23 Asimolar Artificial Intelligence Principles
Artificial intelligence has already provided beneficial tools that are used every day by people around the world. Its continued development, guided by the following principles. It will offer amazing opportunities to help and empower people in the decades and centuries ahead.
The 23 principles designed to ensure that AI remains a force for good — known as the Asilomar AI Principles because they were developed at the Asilomar conference venue in California.

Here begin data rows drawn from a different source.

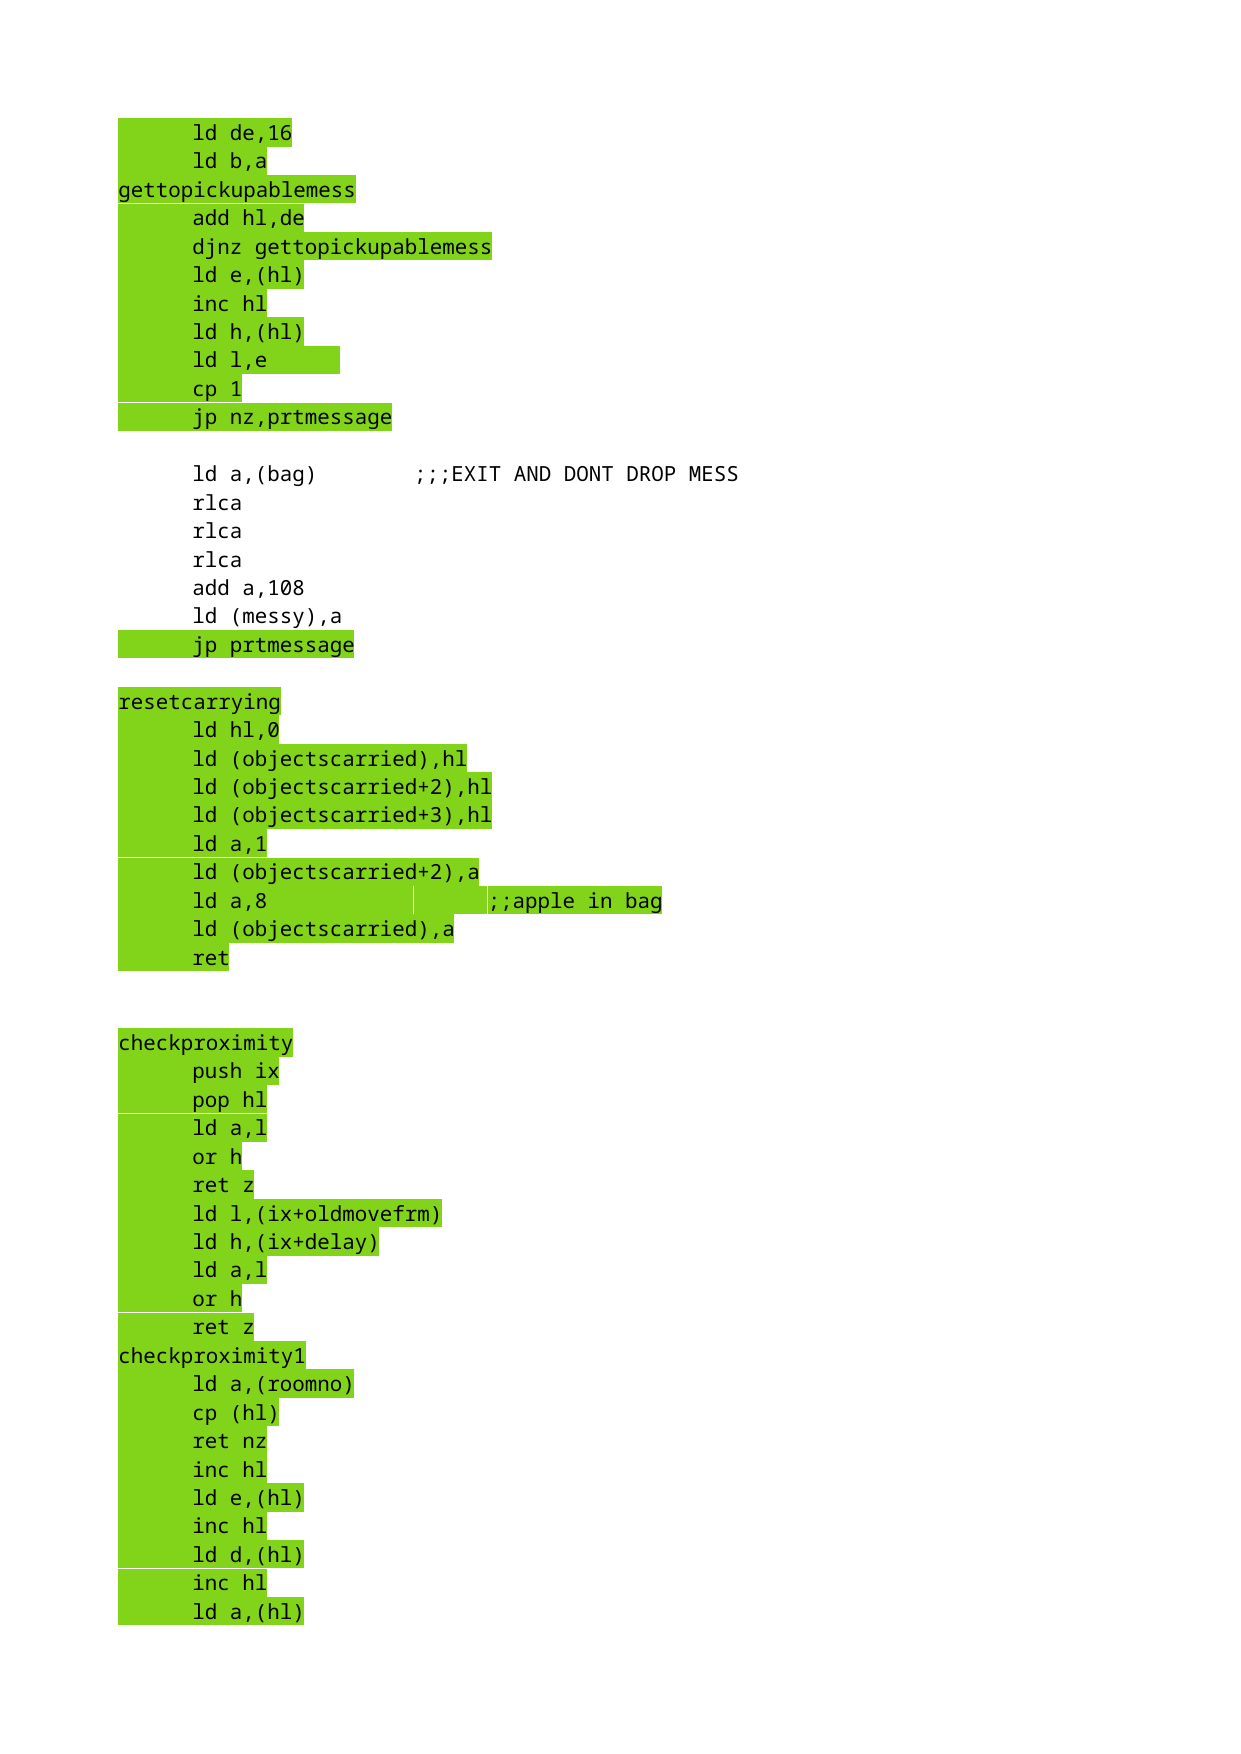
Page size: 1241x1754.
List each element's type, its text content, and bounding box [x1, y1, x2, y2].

text ld (messy),a [118, 602, 1122, 630]
text ld (objectscarried),a [118, 914, 1122, 943]
text ld (objectscarried+2),a [118, 857, 1122, 886]
text ld b,a [118, 147, 1122, 175]
text ld a,(roomno) [118, 1369, 1122, 1398]
text ret nz [118, 1426, 1122, 1455]
text or h [118, 1142, 1122, 1170]
text add hl,de [118, 203, 1122, 232]
text gettopickupablemess [118, 175, 1122, 203]
text ret [118, 943, 1122, 971]
text ld a,(bag) ;;;EXIT AND DONT DROP MESS [118, 459, 1122, 488]
text ld (objectscarried),hl [118, 744, 1122, 772]
text ld hl,0 [118, 715, 1122, 744]
text ld l,e [118, 346, 1122, 374]
text inc hl [118, 1568, 1122, 1597]
text pop hl [118, 1085, 1122, 1113]
text ld a,l [118, 1256, 1122, 1284]
text djnz gettopickupablemess [118, 232, 1122, 260]
text rlca [118, 516, 1122, 545]
text inc hl [118, 1512, 1122, 1540]
text cp 1 [118, 374, 1122, 402]
text jp prtmessage [118, 630, 1122, 658]
text ld h,(ix+delay) [118, 1227, 1122, 1256]
text resetcarrying [118, 687, 1122, 715]
text ld d,(hl) [118, 1540, 1122, 1568]
text ld e,(hl) [118, 260, 1122, 289]
text inc hl [118, 289, 1122, 317]
text rlca [118, 488, 1122, 516]
text ret z [118, 1312, 1122, 1341]
text ld l,(ix+oldmovefrm) [118, 1199, 1122, 1227]
text ld de,16 [118, 118, 1122, 147]
text ld a,8 ;;apple in bag [118, 886, 1122, 914]
text checkproximity1 [118, 1341, 1122, 1369]
text or h [118, 1284, 1122, 1312]
text inc hl [118, 1455, 1122, 1483]
text ld a,1 [118, 829, 1122, 857]
text jp nz,prtmessage [118, 402, 1122, 431]
text cp (hl) [118, 1398, 1122, 1426]
text ld h,(hl) [118, 317, 1122, 346]
text checkproximity [118, 1028, 1122, 1057]
text rlca [118, 545, 1122, 573]
text push ix [118, 1057, 1122, 1085]
text add a,108 [118, 573, 1122, 602]
text ld a,(hl) [118, 1597, 1122, 1625]
text ld e,(hl) [118, 1483, 1122, 1512]
text ld (objectscarried+3),hl [118, 801, 1122, 829]
text ret z [118, 1170, 1122, 1199]
text ld (objectscarried+2),hl [118, 772, 1122, 801]
text ld a,l [118, 1113, 1122, 1142]

They are broken down into three categories: Research issue, Ethics and value, Longer-term issues
- Research Goal: The goal of Artificial Intelligence research should be to create not undirected intelligence, but beneficial intelligence.
- Research Funding: Investments in AI should be accompanied by funding for research on ensuring its beneficial use. It include thorny questions in computer science, economics, law, ethics, and social studies, such as:
- How can we make future AI systems highly robust, so that they do what we want without malfunctioning or getting hacked?
- How are we able to grow our prosperity through automation while maintaining people’s resources and purpose?
- How can we update our legal systems to be more fair and efficient, to keep pace with AI, and to manage the risks associated with AI?
- What set of values should AI be aligned with, and what legal and ethical status should it have?
- Science-Policy Link: There should be constructive and healthy exchange between AI researchers and policy-makers.
- Research Culture: A culture of cooperation, trust, and transparency should be fostered among researchers and developers of AI.
- Race Avoidance: Teams developing AI systems should actively cooperate to avoid corner-cutting on safety standards.
- Safety: AI systems should be safe and secure throughout their operational lifetime, and verifiably so where applicable and feasible.
- Failure Transparency: If an AI system causes harm, it should be possible to ascertain why.
- Judicial Transparency: Any involvement by an autonomous system in judicial decision-making should provide a satisfactory explanation auditable by a competent human authority.
- Responsibility: Designers and builders of advanced AI systems are stakeholders in the moral implications of their use, misuse, and actions, with a responsibility and opportunity to shape those implications.
- Value Alignment: Highly autonomous Artificial Intelligence systems should be designed so that their goals and behaviors can be assured to align with human values throughout their operation.
- Human Values: AI systems should be designed and operated so as to be compatible with ideals of human dignity, rights, freedoms, and cultural diversity.
- Personal Privacy: People should have the right to access, manage and control the data they generate, given AI systems’ power to analyze and utilize that data.
- Liberty and Privacy: The application of AI to personal data must not unreasonably curtail people’s real or perceived liberty.
- Shared Benefit: AI technologies should benefit and empower as many people as possible.
- Shared Prosperity: The economic prosperity created by using AI must be shared broadly, to gain all of humanity.
- Human Control: Humans should choose how and whether to delegate decisions to AI systems, to accomplish human-chosen objectives.
- Non-subversion: The power conferred by control of highly advanced AI systems should respect and improve, rather than subvert. The social and civic processes on which the health of society depends.
- AI Arms Race: An arms race in lethal autonomous weapons should be avoided.
- Capability Caution: There being no consensus, we should avoid strong assumptions regarding upper limits on future AI capabilities.
- Importance: Advanced AI could represent a profound change in the history of life on Earth. Additionally it have to be deliberate for and managed with commensurate care and sources.
- Risks: Risks posed by Artificial Intelligence systems, especially catastrophic or existential risks. It must be subject to planning and mitigation efforts commensurate with their expected impact.
- Recursive Self-Improvement: AI systems designed to recursively self-improve or self-replicate in a manner. That could lead to rapidly increasing quality or quantity must be subject to strict safety and control measures.
- Common Good: Superintelligence should only be developed in the service of widely shared ethical ideals, and for the benefit of all humanity rather than one state or organization.